Generated by GPT-5-mini| Square | |
|---|---|
![]() | |
| Name | Square |
| Caption | A regular square |
| Type | Quadrilateral |
| Symmetry | D4 |
Square
A square is a planar regular quadrilateral with four equal sides and four equal angles. It combines properties of Euclidean geometry, plane figures and polygon theory, and appears in studies by figures such as Euclid, René Descartes, and Bernhard Riemann. Squares serve as fundamental units in analyses ranging from Pythagorean theorem proofs to Cartesian coordinate system constructions.
A square is defined as a quadrilateral that is both a rhombus and a rectangle, possessing equal side lengths and right angles; this definition relates to propositions in Elements (Euclid). Properties include equal diagonals that are perpendicular bisectors, congruent adjacent triangles, and area equal to the square of a side length, a relation used by Pythagoras and discussed in works like Euclid's Elements and Al-Khwarizmi's treatises. The set of interior points satisfies axioms from Euclidean plane geometry while interacting with concepts formalized by David Hilbert.

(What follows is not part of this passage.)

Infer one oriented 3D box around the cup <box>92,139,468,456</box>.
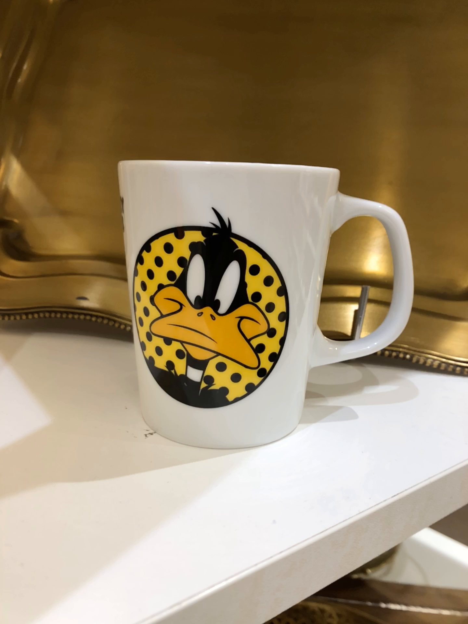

Metric relationships for a square with side length s include perimeter 4s and area s^2, paralleling formulas in texts by Heron of Alexandria and later expositors such as Isaac Newton. The diagonals have length s√2, connecting to results in Pythagorean theorem demonstrations and to distance formulas in the Cartesian coordinate system. Circumradius and inradius are s/√2 and s/2 respectively, quantities that appear in computations in trigonometry and in constructions by Georg Cantor-era analysts. Measurement and approximation methods for squares were applied in projects like the layout of Roman roads and planning of Hagia Sophia foundations.
In the Cartesian coordinate system, a square aligned with axes and centered at the origin can be represented by vertex coordinates (±a, ±a), linking to algebraic geometry treatments found in works by René Descartes and Gottfried Wilhelm Leibniz. Linear inequalities |x| ≤ a, |y| ≤ a describe the filled square region, while rotation by θ uses rotation matrix entries cosθ and sinθ as in studies by Joseph-Louis Lagrange. Algebraic curve intersections, lattice point counts, and Ehrhart polynomials for integer dilates of a unit square connect to research by Eugène Ehrhart and Carl Friedrich Gauss's lattice point problem. Coordinate transformations used in Fourier analysis and affine geometry map squares to other parallelograms under linear mappings examined by Élie Cartan and Felix Klein.
The symmetry group of a square is the dihedral group of order 8, D4, central in group theory discussions by Niels Henrik Abel and Évariste Galois; generators include a 90° rotation and a reflection. Conjugacy classes and subgroup lattices for D4 are standard examples in texts by Arthur Cayley and William Rowan Hamilton. Transformations preserving a square's structure include isometries studied in Bernhard Riemann's analysis and affine maps treated by Sophus Lie, while similarity transformations scale side length and preserve angles, a concept used by Johann Carl Friedrich Gauss in complex analysis contexts.
Squares appear in tiling problems such as the squaring the square problem solved by mathematicians including R.L. Brooks, Charles Tutte, and William T. Tutte, and in tessellations studied by M.C. Escher and Branko Grünbaum. They are used in architecture exemplified by Parthenon plans and Seville Cathedral designs, in urban layouts like Manhattan street grids, and in engineering through finite element method meshes and computer graphics rasterization. In games and puzzles, squares feature in chessboard compositions, magic square studies traced to Sangaku tablets and Albrecht Dürer, and in digital imaging via pixel arrays used by firms such as Adobe Systems and NVIDIA.
The term derives from Old French carre and Latin quadratus, used in medieval scholasticism and in commentaries by Boethius and Thomas Aquinas. Ancient treatments appear in Babylonian mathematics tablets and in Egyptian mathematics of the Rhind Mathematical Papyrus, while classical expositions are found in Euclid's corpus. Renaissance figures including Leonardo da Vinci and Albrecht Dürer reinvigorated square studies in art and proportion, and modern algebraic formalization was influenced by Augustin-Louis Cauchy and David Hilbert.